Kilo Code Brings Semantic Codebase Indexing Out of Experimental
Published on 04.06.2026
Codebase Indexing Is Back in Kilo Code
TLDR: Kilo Code has graduated codebase indexing from experimental to general availability, giving the AI agent a semantic search tool backed by embeddings and Tree-sitter chunking. It is opt-in, local-friendly, and built largely by a community contributor. If you work in large or unfamiliar codebases, this is worth paying attention to.
Summary: There is a specific kind of pain that every developer has felt when dropped into a large, unfamiliar codebase. You know what you are looking for conceptually, but you have no idea what the repo calls it. The retry logic might live in a class called BackoffCoordinator, or it might be scattered across a handful of utility functions with no obvious name. You burn context, run grep after grep, and eventually triangulate your way to the right file. It is tedious, and when you hand that work to an AI agent, the token cost of that guessing loop adds up fast.
That is the problem Kilo Code is addressing with the return of codebase indexing. The feature landed via a major contribution from community member shssoichiro, went through weeks of review and stabilization from the Kilo team, and is now available by default in the latest version. What it gives you is a semantic_search tool for the Kilo agent. Instead of running repeated greps, the agent can describe what it wants conceptually and get back relevant files and line ranges in a single call.
The canonical example in the announcement is a marketplace app that uses four different words for the same concept: "customer" in the UI, "kunde" in a German integration, "person" in a CRM schema, and "user" in the auth layer. With grep, an agent needs four separate searches and then has to reason about which results are actually related. With semantic search backed by embeddings, a single query like "customer identity validation" can surface all four because the index understands meaning, not just string matching. That is not a trivial improvement. That is a qualitatively different capability for navigating code at scale.
The implementation uses Tree-sitter to parse code into semantic chunks, functions, classes, and methods, and falls back to line-based chunking for file types it does not have a dedicated parser for. Markdown gets its own parser. Binary files, images, anything over 1MB, node_modules, vendor directories, and files covered by .gitignore or .kilocodeignore are all filtered out. Once an index is built, it stays current incrementally through hash-based caching and re-indexing only changed files. Git branch switches are handled too, so the index tracks the project you are actually working in.
To use it, you need two things: an embedding provider and a vector store. The fastest path is LanceDB as the store combined with either the hosted Kilo provider if you have Kilo tokens, or a free Mistral BYOK key if you do not. The settings UI walks you through the choices without requiring you to hand-edit config files, which I appreciate. The feature is explicitly opt-in and will not start indexing a repo just because an API key exists. That is the right call. You enable it per-project or globally, you wait for the index to reach "Complete" status, and then you start using it.
Key takeaways:
- Semantic search complements, not replaces, exact grep-style search. Use it when you know the concept but not the vocabulary. Use grep when you know the exact symbol or string.
- The feature is opt-in and will not auto-index repos. You choose when and where to enable it, which keeps it from silently chewing through embedding API calls.
- Embedding providers supported include a hosted Kilo option and Mistral BYOK, with local options like Ollama also available for teams that want to keep everything on-premise.
- The implementation is a community contribution from shssoichiro, which is worth noting.
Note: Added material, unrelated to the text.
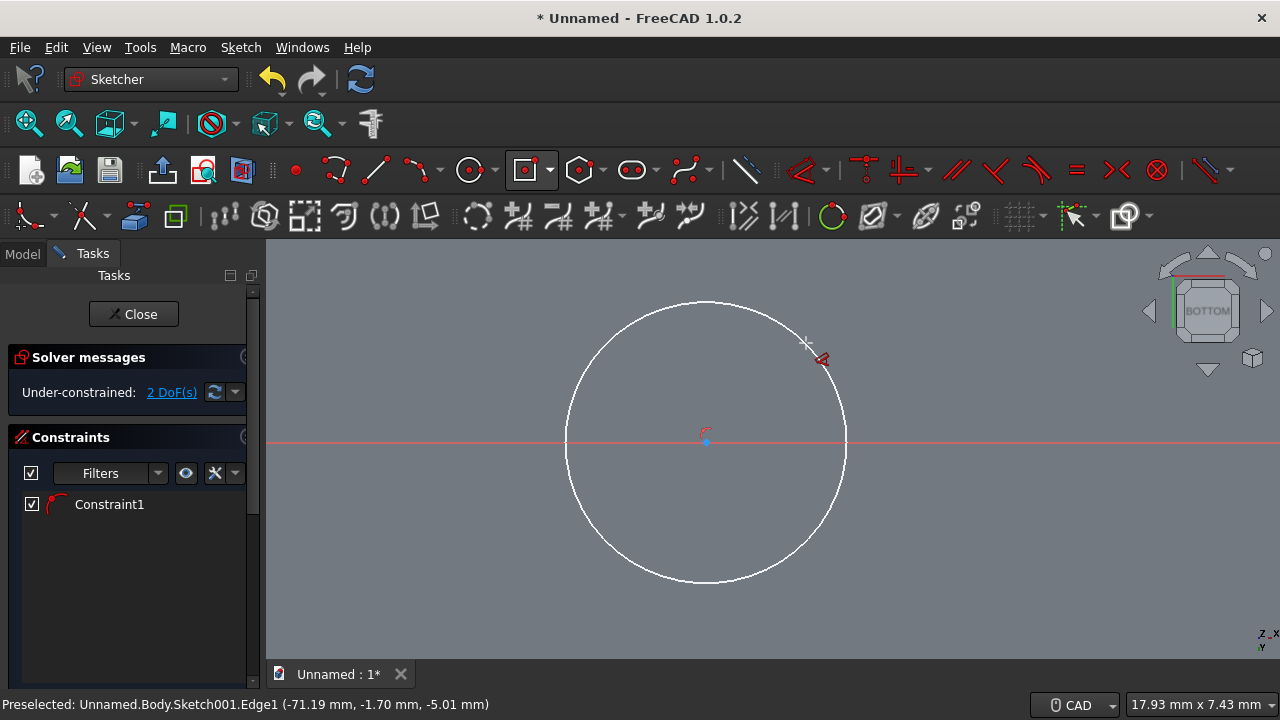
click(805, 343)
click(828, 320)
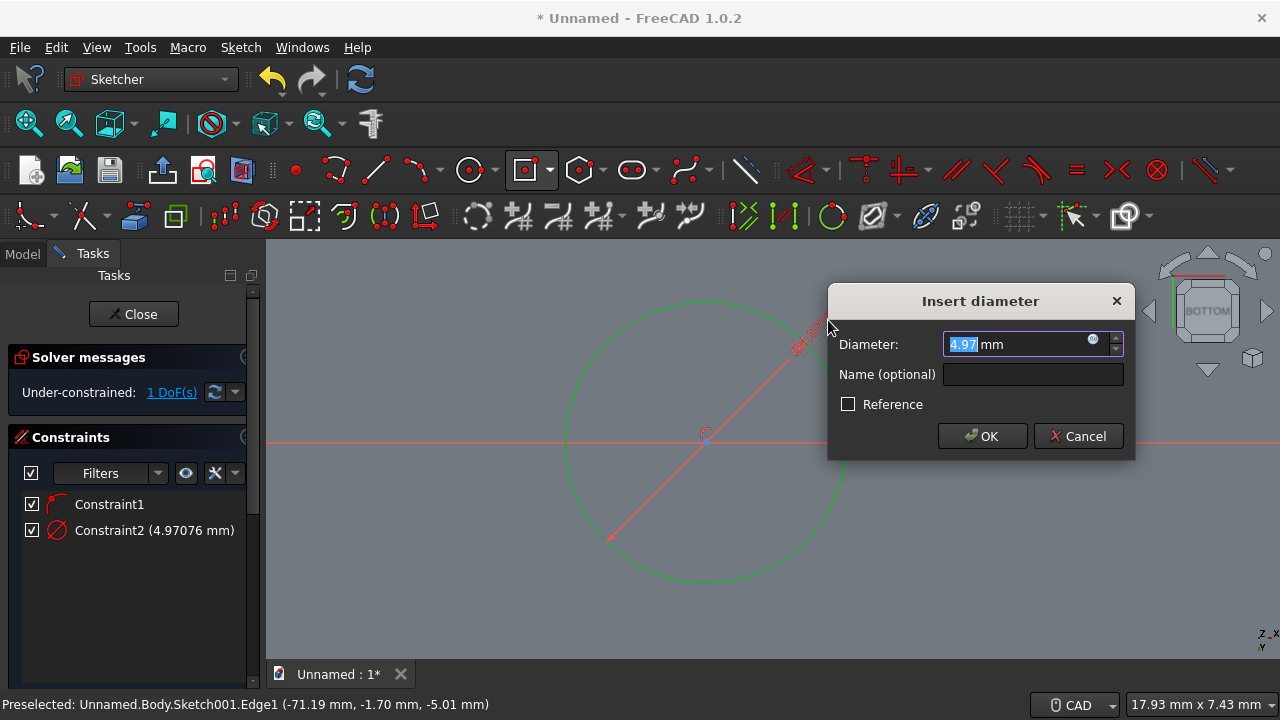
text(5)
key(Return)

A large, production-quality feature landing via an external contributor is a signal about the health of the project.
- The recommended evaluation path is to try it on a codebase where you have already felt the pain of conceptual search, not a toy repo where grep works fine.
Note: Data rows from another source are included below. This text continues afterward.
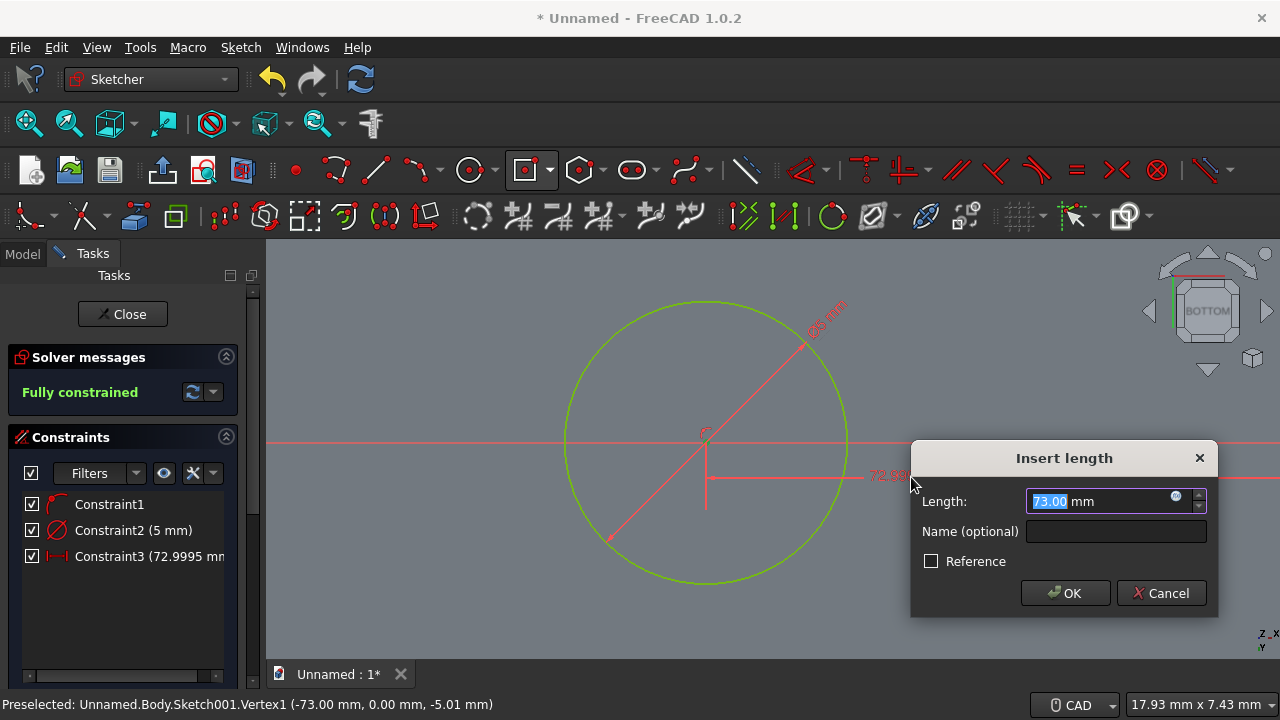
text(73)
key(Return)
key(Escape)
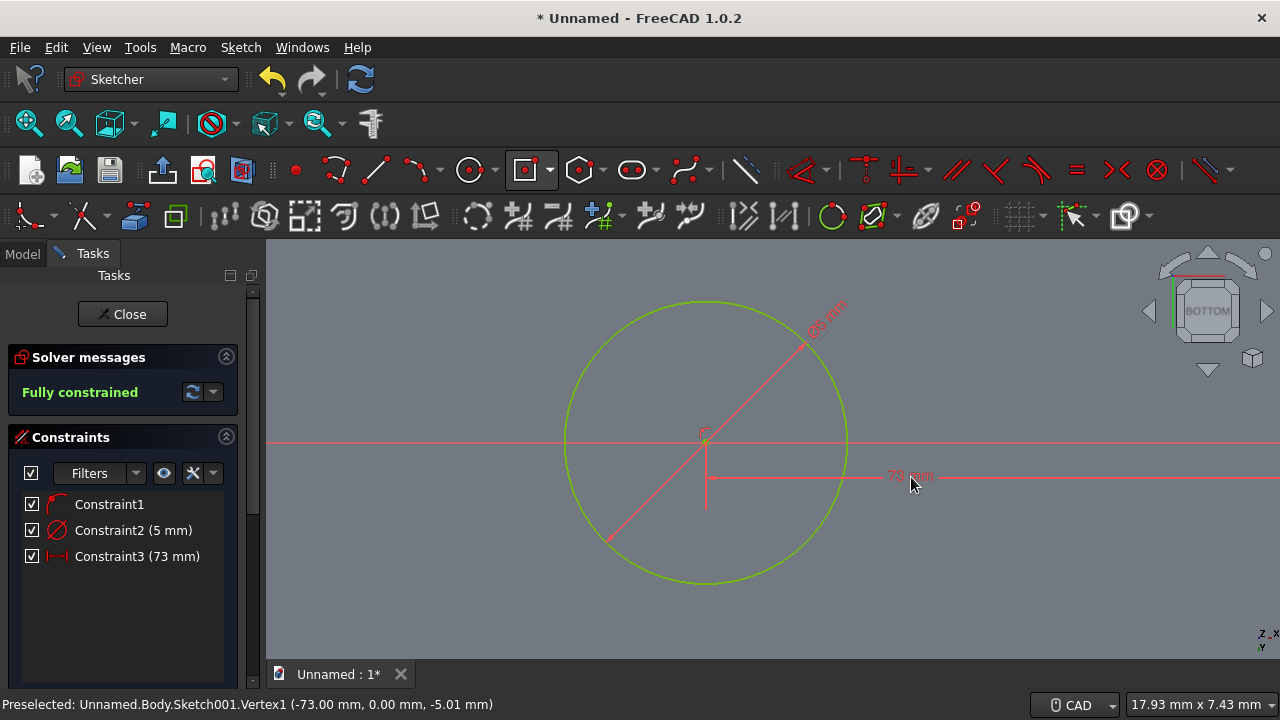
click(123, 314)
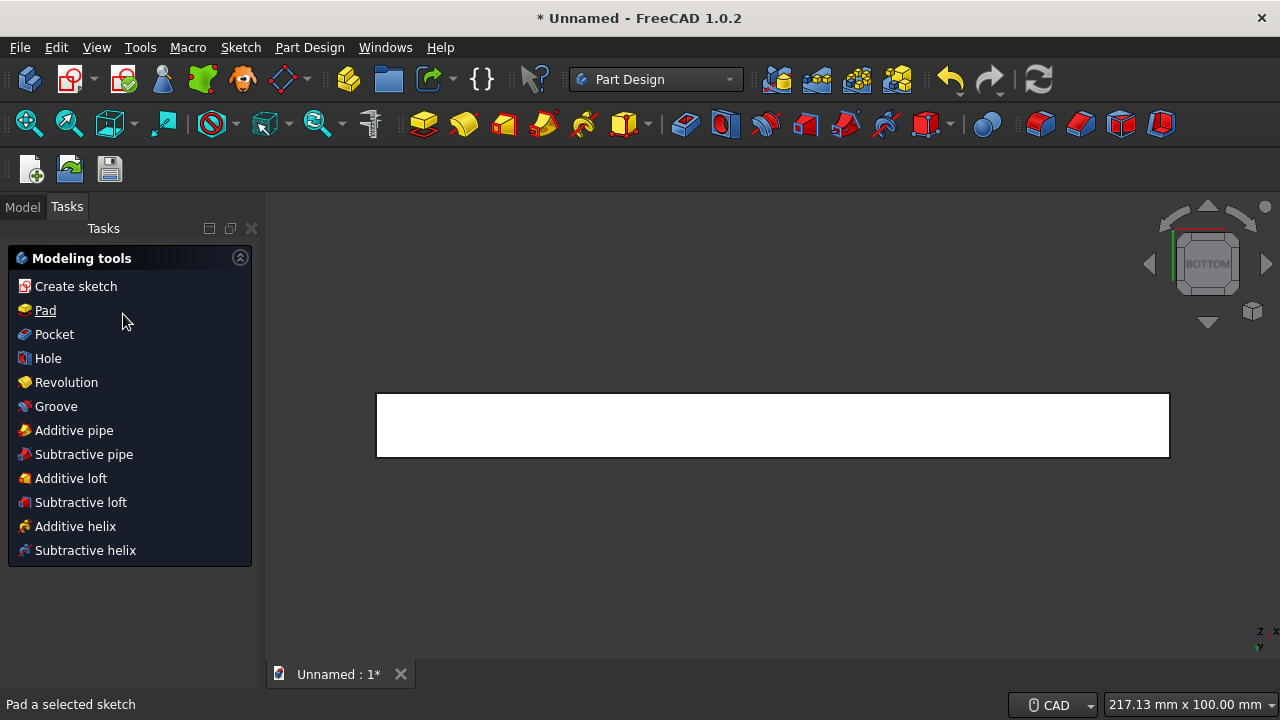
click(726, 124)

Why do I care: As someone who thinks about how AI agents navigate code, this feature addresses a real bottleneck. The context window is finite and precious. An agent burning three hundred tokens on a multi-step grep discovery loop to find retry logic is an agent that has less room to do the actual reasoning once it finds the target. Semantic search front-loads the orientation work cheaply. The opt-in model is sensible given that embedding calls cost money and local embedding setup has real friction. My one watch-out: semantic search quality is only as good as the embedding model and chunking strategy. Tree-sitter chunking is a solid foundation, but large functions that span many behaviors can still produce noisy results. I would treat this as a useful first pass, not a definitive answer, and always read the code before touching it.